_WHAT IS NEEDED_. All the data should come back exactly as it was given.

Stored records:
---

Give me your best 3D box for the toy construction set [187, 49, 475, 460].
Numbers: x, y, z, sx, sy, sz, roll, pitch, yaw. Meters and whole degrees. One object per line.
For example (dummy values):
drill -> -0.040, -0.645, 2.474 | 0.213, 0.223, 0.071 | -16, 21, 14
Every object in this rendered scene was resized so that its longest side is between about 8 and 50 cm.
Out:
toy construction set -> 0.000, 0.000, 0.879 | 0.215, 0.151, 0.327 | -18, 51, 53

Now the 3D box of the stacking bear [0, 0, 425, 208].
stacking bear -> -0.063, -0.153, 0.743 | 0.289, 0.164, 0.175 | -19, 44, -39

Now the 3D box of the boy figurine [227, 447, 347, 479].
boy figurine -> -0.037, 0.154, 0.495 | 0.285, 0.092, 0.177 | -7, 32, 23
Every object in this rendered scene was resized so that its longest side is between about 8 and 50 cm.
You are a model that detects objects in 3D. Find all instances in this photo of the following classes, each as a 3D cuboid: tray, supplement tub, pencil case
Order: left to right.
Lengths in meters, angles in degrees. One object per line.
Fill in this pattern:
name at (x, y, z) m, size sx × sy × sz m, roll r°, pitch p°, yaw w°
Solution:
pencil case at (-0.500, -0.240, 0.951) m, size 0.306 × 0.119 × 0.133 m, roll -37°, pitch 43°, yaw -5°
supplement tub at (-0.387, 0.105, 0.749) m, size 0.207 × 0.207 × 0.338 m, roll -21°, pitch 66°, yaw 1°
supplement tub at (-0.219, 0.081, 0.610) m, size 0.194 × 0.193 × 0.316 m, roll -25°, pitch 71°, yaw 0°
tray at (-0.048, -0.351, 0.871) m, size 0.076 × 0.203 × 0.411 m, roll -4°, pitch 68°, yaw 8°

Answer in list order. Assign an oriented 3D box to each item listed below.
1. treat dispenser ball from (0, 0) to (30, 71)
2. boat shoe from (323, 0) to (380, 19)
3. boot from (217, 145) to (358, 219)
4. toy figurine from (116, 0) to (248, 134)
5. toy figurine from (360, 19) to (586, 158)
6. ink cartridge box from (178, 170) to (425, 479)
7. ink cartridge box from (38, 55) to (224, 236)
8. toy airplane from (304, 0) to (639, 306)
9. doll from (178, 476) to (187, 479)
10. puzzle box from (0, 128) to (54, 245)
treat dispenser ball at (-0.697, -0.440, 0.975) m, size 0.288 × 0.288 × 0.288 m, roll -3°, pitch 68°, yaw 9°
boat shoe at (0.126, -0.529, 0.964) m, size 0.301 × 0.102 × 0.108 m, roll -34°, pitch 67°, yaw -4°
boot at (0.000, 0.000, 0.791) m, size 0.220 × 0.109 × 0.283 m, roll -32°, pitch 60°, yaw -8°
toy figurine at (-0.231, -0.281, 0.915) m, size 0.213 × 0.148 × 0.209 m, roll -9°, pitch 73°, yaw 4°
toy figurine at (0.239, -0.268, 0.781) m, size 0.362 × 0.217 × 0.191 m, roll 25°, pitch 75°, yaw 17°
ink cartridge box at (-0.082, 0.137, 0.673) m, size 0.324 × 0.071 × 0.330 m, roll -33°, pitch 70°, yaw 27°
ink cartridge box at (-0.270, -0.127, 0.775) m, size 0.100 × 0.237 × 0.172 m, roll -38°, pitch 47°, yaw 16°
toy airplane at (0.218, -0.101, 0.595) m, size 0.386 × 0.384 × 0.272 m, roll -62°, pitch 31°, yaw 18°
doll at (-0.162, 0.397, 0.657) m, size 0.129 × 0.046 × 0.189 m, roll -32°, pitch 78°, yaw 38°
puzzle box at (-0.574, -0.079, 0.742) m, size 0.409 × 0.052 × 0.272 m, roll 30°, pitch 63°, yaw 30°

---

_RESPONSE_.
Give me your best 3D box for the toy construction set [187, 49, 475, 460].
Numbers: x, y, z, sx, sy, sz, roll, pitch, yaw. Meters and whole degrees. One object per line.
For example (dummy values):
drill -> -0.040, -0.645, 2.474 | 0.213, 0.223, 0.071 | -16, 21, 14
Every object in this rendered scene was resized so that its longest side is between about 8 and 50 cm.
Out:
toy construction set -> 0.000, 0.000, 0.879 | 0.215, 0.151, 0.327 | -18, 51, 53

Now the 3D box of the stacking bear [0, 0, 425, 208].
stacking bear -> -0.063, -0.153, 0.743 | 0.289, 0.164, 0.175 | -19, 44, -39

Now the 3D box of the boy figurine [227, 447, 347, 479].
boy figurine -> -0.037, 0.154, 0.495 | 0.285, 0.092, 0.177 | -7, 32, 23
Every object in this rendered scene was resized so that its longest side is between about 8 and 50 cm.
You are a model that detects objects in 3D. Find all instances in this photo of the following classes, each as a 3D cuboid: tray, supplement tub, pencil case
Order: left to right.
Lengths in meters, angles in degrees. One object per line.
Fill in this pattern:
name at (x, y, z) m, size sx × sy × sz m, roll r°, pitch p°, yaw w°
Solution:
pencil case at (-0.500, -0.240, 0.951) m, size 0.306 × 0.119 × 0.133 m, roll -37°, pitch 43°, yaw -5°
supplement tub at (-0.387, 0.105, 0.749) m, size 0.207 × 0.207 × 0.338 m, roll -21°, pitch 66°, yaw 1°
supplement tub at (-0.219, 0.081, 0.610) m, size 0.194 × 0.193 × 0.316 m, roll -25°, pitch 71°, yaw 0°
tray at (-0.048, -0.351, 0.871) m, size 0.076 × 0.203 × 0.411 m, roll -4°, pitch 68°, yaw 8°

Answer in list order. Assign an oriented 3D box to each item listed below.
1. treat dispenser ball from (0, 0) to (30, 71)
2. boat shoe from (323, 0) to (380, 19)
3. boot from (217, 145) to (358, 219)
4. toy figurine from (116, 0) to (248, 134)
5. toy figurine from (360, 19) to (586, 158)
6. ink cartridge box from (178, 170) to (425, 479)
7. ink cartridge box from (38, 55) to (224, 236)
8. toy airplane from (304, 0) to (639, 306)
9. doll from (178, 476) to (187, 479)
10. puzzle box from (0, 128) to (54, 245)
treat dispenser ball at (-0.697, -0.440, 0.975) m, size 0.288 × 0.288 × 0.288 m, roll -3°, pitch 68°, yaw 9°
boat shoe at (0.126, -0.529, 0.964) m, size 0.301 × 0.102 × 0.108 m, roll -34°, pitch 67°, yaw -4°
boot at (0.000, 0.000, 0.791) m, size 0.220 × 0.109 × 0.283 m, roll -32°, pitch 60°, yaw -8°
toy figurine at (-0.231, -0.281, 0.915) m, size 0.213 × 0.148 × 0.209 m, roll -9°, pitch 73°, yaw 4°
toy figurine at (0.239, -0.268, 0.781) m, size 0.362 × 0.217 × 0.191 m, roll 25°, pitch 75°, yaw 17°
ink cartridge box at (-0.082, 0.137, 0.673) m, size 0.324 × 0.071 × 0.330 m, roll -33°, pitch 70°, yaw 27°
ink cartridge box at (-0.270, -0.127, 0.775) m, size 0.100 × 0.237 × 0.172 m, roll -38°, pitch 47°, yaw 16°
toy airplane at (0.218, -0.101, 0.595) m, size 0.386 × 0.384 × 0.272 m, roll -62°, pitch 31°, yaw 18°
doll at (-0.162, 0.397, 0.657) m, size 0.129 × 0.046 × 0.189 m, roll -32°, pitch 78°, yaw 38°
puzzle box at (-0.574, -0.079, 0.742) m, size 0.409 × 0.052 × 0.272 m, roll 30°, pitch 63°, yaw 30°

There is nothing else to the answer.